3161A Jewish Literatures of Late Antiquity [MAJS and MSJS concentration or elective, DSJS text]
(3 quarter hours)
This course will survey the major types of Jewish literatures of Late Antiquity: Mishnah, Tosefta, Palestinian Talmud, Babylonian Talmud, Mystical literatures. We will examine the major scholarly discussions of the texts concerning their histories, literary genres, and textual traditions.
AFTERNOON COURSES
Sunday 4:30-6:30 pm
and Monday-Thursday 2-6pm
3502 The Rabbinic Mind
[MAJS core]
(3 quarter hours)
Judaism is not the religion of the Bible. It is the religion of the Bible as interpreted by the Rabbis. Who were these Rabbis? What were they thinking as they interpreted the Bible? What gave them the authority to believe that they could take the Written Torah and add to it an entire Oral Torah? What effect did their work have on the Judaism of their day and how did it interact with the other religious traditions that were around them? This course will enable us to access the Rabbinic Mind through the historical and literary texts of the Rabbinic period. We will look at the background of the Rabbinic period from a historical and sociological point of view and then move to examine the literary genres of Rabbinic literature. Texts of that period, including Mishna, Tosefta, Gemara and Midrash will be examined both for their literary style and their content. We will also look at some core concepts of the Rabbinic period and see how the Rabbis developed them into an organized way of thinking which set the pattern for the Jewish thought of today.

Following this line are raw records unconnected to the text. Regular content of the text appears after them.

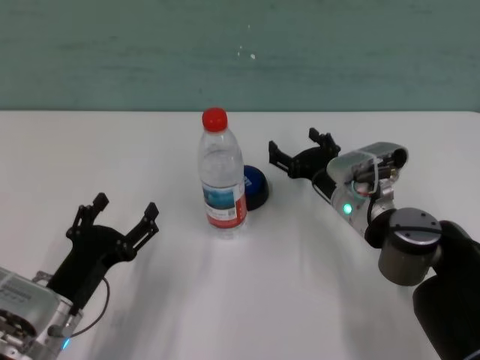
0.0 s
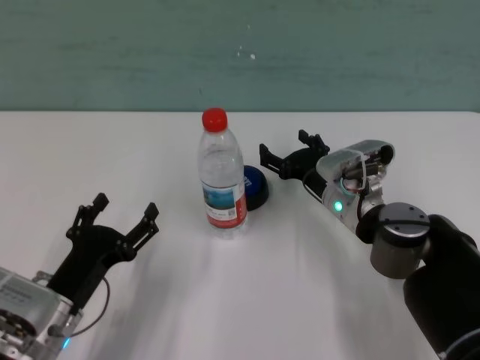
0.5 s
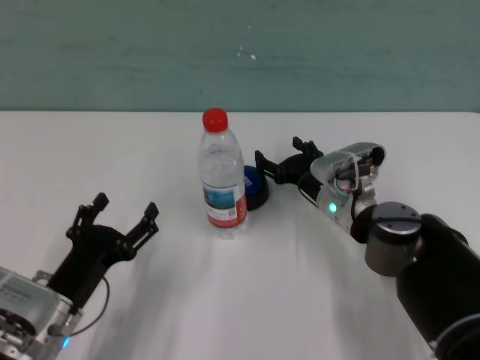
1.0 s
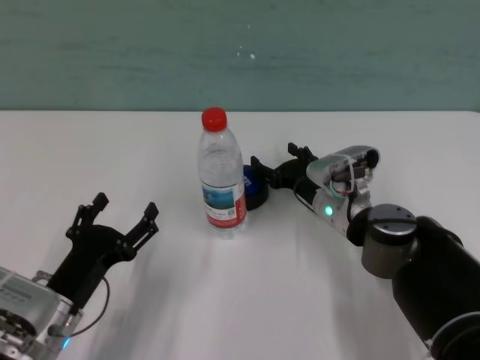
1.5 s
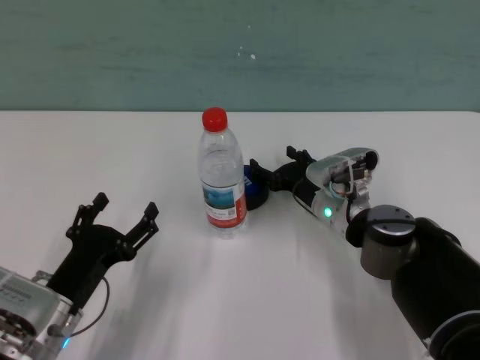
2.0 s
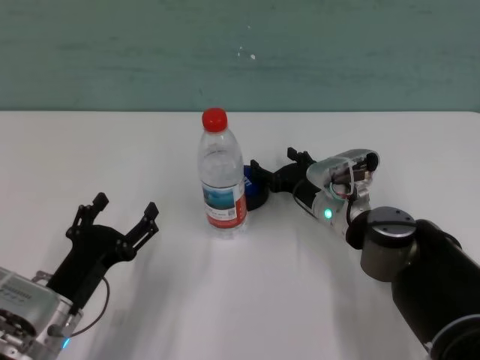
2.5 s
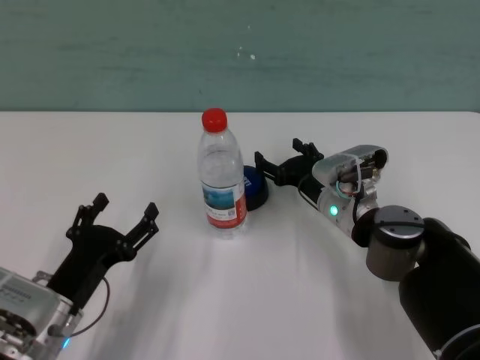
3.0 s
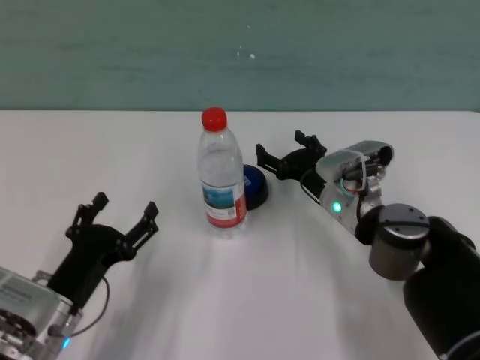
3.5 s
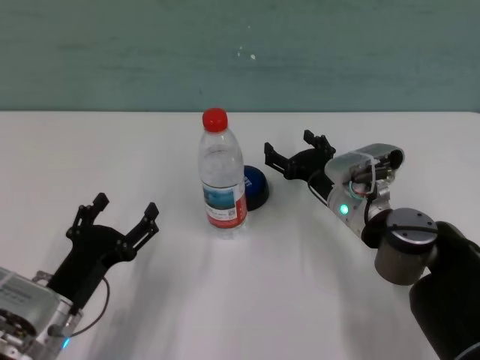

4195 Between Revolution and Tradition:
An Introduction to Modern Jewish Literature
[MAJS core II, MAJS and MSJS concentration or elective, DSJS elective and comprehensive examination preparation]
(3 quarter hours)
In the early 21st century we tend to think of modern Jewish literature as a given, but the very existence of this polyglot literature is a relatively new and utterly fascinating development in modern Jewish history. This course will examine the development of a largely secular modern Jewish literature, with an eye on articulating the uniquely “Jewish” features of this literature. Initial emphasis will be placed on the ways in which the translation and transposition of pre-existing Jewish languages and sources functioned as a central feature of this literature’s initial emergence. We will next trace the way modern literary forms (autobiography, the novel, etc.) and trends (modernism and postmodernism) have been employed to narrate the Jewish encounter with modernity and make sense of Jewish history over the last two hundred years. Throughout our readings and discussions we will explore the profound tension between continuity and innovation that informs this relatively new literature’s relationship to traditional Jewish culture.
5505 What is Judaism?
[DSJS core, open to master’s students who have completed at least 15 quarter hours]
(3 quarter hours)
What is Judaism? deals with how Judaism has been understood in the intellectual and religious history of the Jews. Issues discussed include: what is the nature of Judaism? What are its fundamental theological claims, what are its boundaries, what it is not, what are its “essentials,” what is not essential to its nature, which of its essential characteristics have been historically endemic and which have not, which can be maintained today? These and related issues will be surveyed as they emerged during the biblical, talmudic, medieval, modern and contemporary periods.